For more information on providing parameters, see [External parameters](../../fundamentals/external-parameters.md).

### Connect to database resources

When the .NET Aspire app host runs, the server's database resources can be accessed from external tools, such as [SQL Server Management Studio (SSMS)](/sql/ssms/download-sql-server-management-studio-ssms) or [Azure Data Studio](/azure-data-studio/download-azure-data-studio). The connection string for the database resource is available in the dependent resources environment variables and is accessed using the [.NET Aspire dashboard: Resource details](../../fundamentals/dashboard/explore.md#resource-details) pane. The environment variable is named `ConnectionStrings__{name}` where `{name}` is the name of the database resource, in this example it's `database`. Use the connection string to connect to the database resource from external tools.

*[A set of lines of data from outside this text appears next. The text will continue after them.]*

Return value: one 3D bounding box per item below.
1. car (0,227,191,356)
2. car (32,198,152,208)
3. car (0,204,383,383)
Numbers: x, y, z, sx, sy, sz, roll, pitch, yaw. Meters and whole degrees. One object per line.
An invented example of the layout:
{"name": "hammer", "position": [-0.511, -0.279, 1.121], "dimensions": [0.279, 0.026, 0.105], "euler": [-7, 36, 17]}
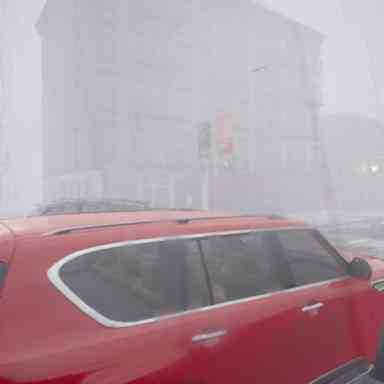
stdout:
{"name": "car", "position": [-2.297, 1.558, 6.037], "dimensions": [4.181, 1.385, 1.994], "euler": [0, 0, -35]}
{"name": "car", "position": [-3.501, 1.212, 9.171], "dimensions": [5.566, 2.045, 2.150], "euler": [0, 0, -35]}
{"name": "car", "position": [0.364, 1.212, 3.696], "dimensions": [5.566, 2.045, 2.150], "euler": [0, 0, -35]}

Imagine that you have a database named `todos` with a single `dbo.Todos` table.

#### [SQL Server Management Studio](#tab/ssms)

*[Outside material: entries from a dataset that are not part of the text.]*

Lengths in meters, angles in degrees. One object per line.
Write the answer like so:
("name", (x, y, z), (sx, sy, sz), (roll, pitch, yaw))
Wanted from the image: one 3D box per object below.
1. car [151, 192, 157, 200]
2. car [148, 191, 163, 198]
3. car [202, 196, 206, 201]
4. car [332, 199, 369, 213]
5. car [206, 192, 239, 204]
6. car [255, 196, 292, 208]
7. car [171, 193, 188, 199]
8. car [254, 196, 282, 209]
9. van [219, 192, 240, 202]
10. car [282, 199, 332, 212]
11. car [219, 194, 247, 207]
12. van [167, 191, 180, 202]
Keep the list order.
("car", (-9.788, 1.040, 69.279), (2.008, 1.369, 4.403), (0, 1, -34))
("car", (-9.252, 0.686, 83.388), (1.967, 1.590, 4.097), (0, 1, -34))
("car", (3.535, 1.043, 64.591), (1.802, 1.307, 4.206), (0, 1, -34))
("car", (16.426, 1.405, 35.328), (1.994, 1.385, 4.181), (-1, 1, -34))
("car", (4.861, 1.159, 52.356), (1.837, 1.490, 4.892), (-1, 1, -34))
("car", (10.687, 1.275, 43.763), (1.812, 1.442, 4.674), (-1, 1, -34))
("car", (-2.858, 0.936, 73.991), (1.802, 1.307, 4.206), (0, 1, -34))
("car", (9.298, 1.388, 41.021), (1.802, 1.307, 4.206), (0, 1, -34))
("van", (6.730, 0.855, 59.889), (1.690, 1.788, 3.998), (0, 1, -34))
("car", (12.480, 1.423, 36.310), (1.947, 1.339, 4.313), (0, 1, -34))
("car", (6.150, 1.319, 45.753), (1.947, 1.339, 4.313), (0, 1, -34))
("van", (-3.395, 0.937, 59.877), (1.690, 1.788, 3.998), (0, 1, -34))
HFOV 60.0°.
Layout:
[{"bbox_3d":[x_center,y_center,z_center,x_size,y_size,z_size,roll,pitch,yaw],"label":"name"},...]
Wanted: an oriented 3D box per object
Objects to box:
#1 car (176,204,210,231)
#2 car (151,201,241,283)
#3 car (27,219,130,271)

To connect to the database resource from SQL Server Management Studio, follow these steps:

1. Open SSMS.
1. In the **Connect to Server** dialog, select the **Additional Connection Parameters** tab.
1. Paste the connection string into the **Additional Connection Parameters** field and select **Connect**.

:::image type="content" source="media/ssms-new-connection.png" lightbox="media/ssms-new-connection.png" alt-text="SQL Server Management Studio: Connect to Server dialog.":::

1. If you're connected, you can see the database resource in the **Object Explorer**:

:::image type="content" source="media/ssms-connected.png" lightbox="media/ssms-connected.png" alt-text="SQL Server Management Studio: Connected to database.":::

For more information, see [SQL Server Management Studio: Connect to a server](/sql/ssms/quickstarts/ssms-connect-query-sql-server).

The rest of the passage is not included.